Basically I'd like verify_schema code to change. Currently it takes the schema of a BigQuery table, which will usually have name, type, mode, and possibly a description.
The _generate_bq_schema code takes a pandas dataframe and creates a BigQuery-like schema that only has name and type (not mode or description).
I think that verify_schema should only compare the BigQuery table's schema fields name and type to the dataframe's "schema".
I just submitted my pull request here although I haven't completed all the checkboxes. That might explain it better.
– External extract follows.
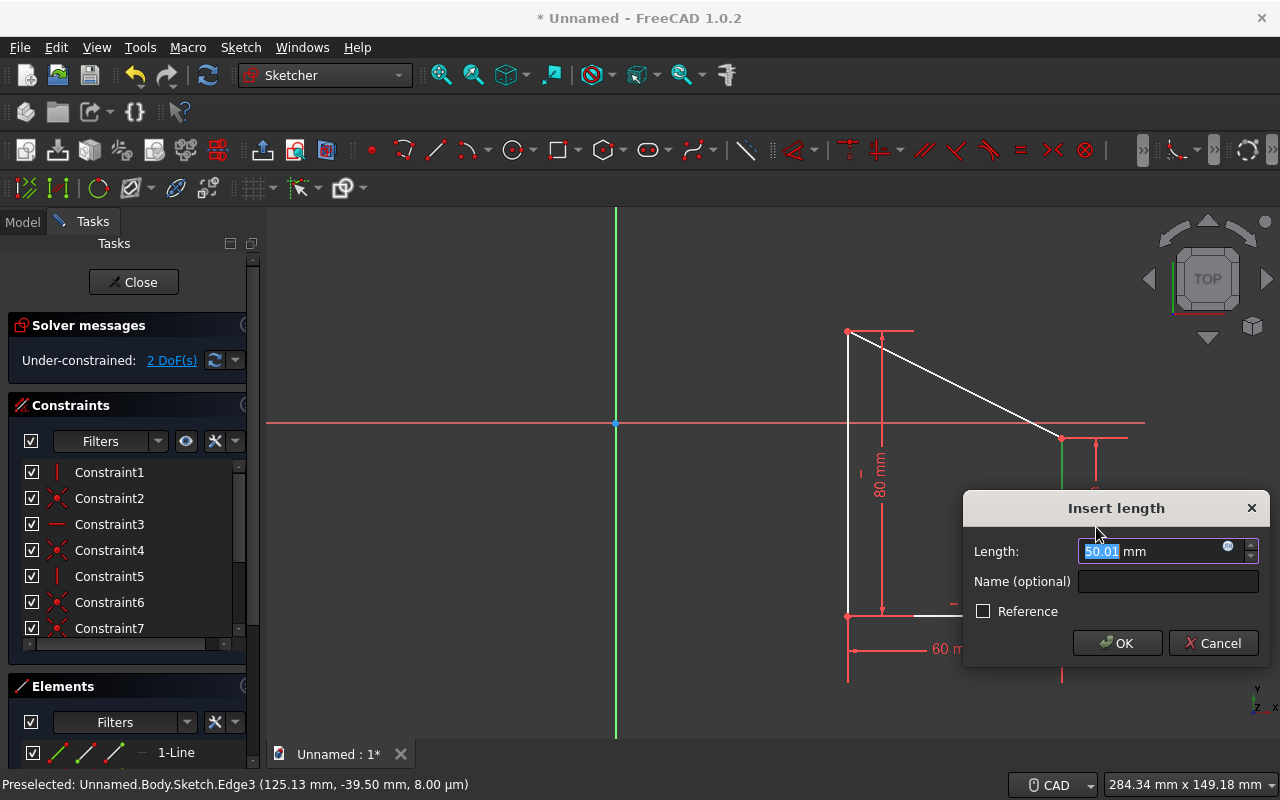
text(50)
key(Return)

Appending dataframes to existing BigQuery tables (that weren't created by the to_gbq
method) unnecessarily raises the InvalidSchema
PandasError due to a bug in the GbqConnector.verify_schema
method.
Creating a dataframe will result in the following generated_schema:
df = pandas.DataFrame({'word': '', 'word_count': [1], 'corpus': '', 'corpus_date': [1]},
columns=['word', 'word_count', 'corpus', 'corpus_date'])
generated_schema = pandas.io.gbq.generate_bq_schema(df)
generated_schema
{'fields': [{'name': 'word', 'type': 'STRING'},
{'name': 'word_count', 'type': 'INTEGER'},
{'name': 'corpus', 'type': 'STRING'},
{'name': 'corpus_date', 'type': 'INTEGER'}]}
This generated_schema will fail the verify_schema function since the schema from the BigQuery table contains mode
for each field and sometimes description
.
{u'fields': [{u'description': u'A single unique word (where whitespace is the delimiter) extracted from a corpus.',
u'mode': u'REQUIRED',
u'name': u'word',
u'type': u'STRING'},
{u'description': u'The number of times this word appears in this corpus.',
u'mode': u'REQUIRED',
u'name': u'word_count',
u'type': u'INTEGER'},
{u'description': u'The work from which this word was extracted.',
u'mode': u'REQUIRED',
u'name': u'corpus',
u'type': u'STRING'},
{u'description': u'The year in which this corpus was published.',
u'mode': u'REQUIRED',
u'name': u'corpus_date',
u'type': u'INTEGER'}]}
The solution is to modify verify_schema
to strip the BigQuery table's schema of its mode
and description
entries.
can you rebase / update and show tests results.
Hi, any ETA on this? I'm currently running into this exact issue.
duplicate / migrated to googleapis/python-bigquery-pandas#13